2007年5月6日日曜日

通貨危機に備え多国間体制、アジア版IMF創設の可能性も

通貨危機に備え多国間体制、アジア版IMF創設の可能性も

 東南アジア諸国連合・日中韓(ASEANプラス3)の財務相会議が5日、京都市内で開かれ、通貨危機に備えて外貨を拠出し合う新たな多国間体制の構築を盛り込んだ共同声明を採択して閉幕した。
 新体制は、参加国が外貨準備の一部を拠出し合い、一元的に管理するプール制の形をとる。

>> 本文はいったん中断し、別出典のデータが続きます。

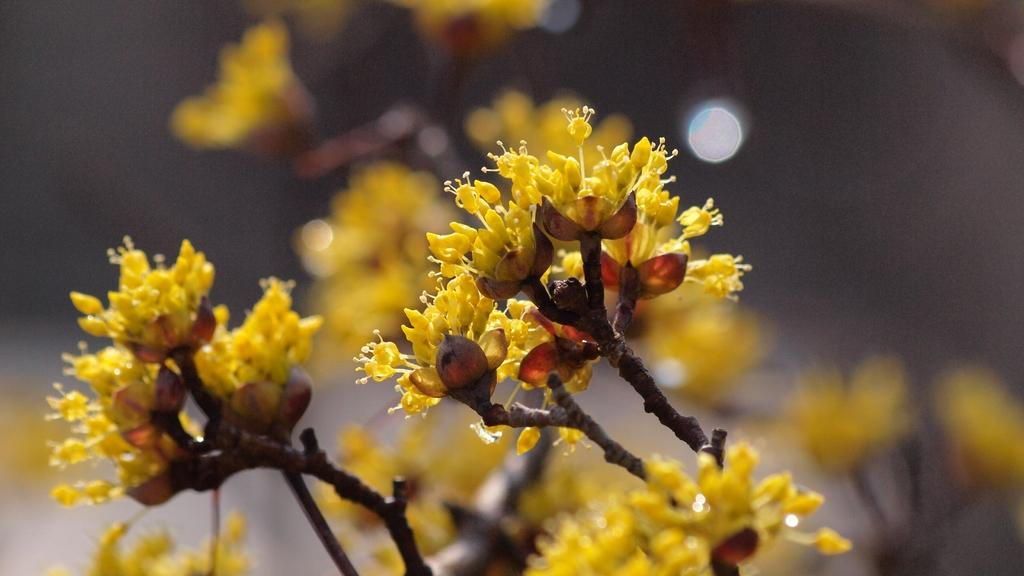What type of plant is in the image? There is a yellow flower plant in the image. Where is the plant located in relation to the image? The flower plant is in the front of the image. What can be observed about the background of the image? The background of the image is blurred. What type of lead can be seen in the image? There is no lead present in the image; it features a yellow flower plant in the front with a blurred background.

ある国に通貨危機が発生すれば、このプールから通貨買い支えのための資金を提供する。アジア版の国際通貨基金(IMF)の創設につながる可能性がある。
 1997年のアジア通貨危機は、タイ・バーツの暴落をきっかけに各国通貨が急落し経済に打撃を与えた。ASEANプラス3はその後、2国間で危機発生時に通貨を融通し合う協定を張り巡らせる防衛策をとっている。
 今回合意した新体制は、この通貨交換協定網(チェンマイ・イニシアチブ)を発展させるもので、より大きな資金を迅速に融通することで、通貨の異常な急落を食い止める効果があると期待されている。
 今後、拠出の総額や参加国の拠出割合、借り入れ限度額、発動方法などについての協議を進める。
 一方、共同声明は、経済発展に必要な資金を域内で調達するため債券市場を活性化させる「アジア債券市場育成イニシアチブ」を進める方針で一致した。アジア各国は貯蓄率が比較的高く、これを発電所建設など経済基盤の整備に有効活用しようとするものだ。
 また、アジア経済について「成長見通しは依然として好調」とした上で、「主要国経済が減速した場合の波及効果」などのリスク要因があると指摘。米経済の減速懸念などを注意深く見守る必要性を示唆した。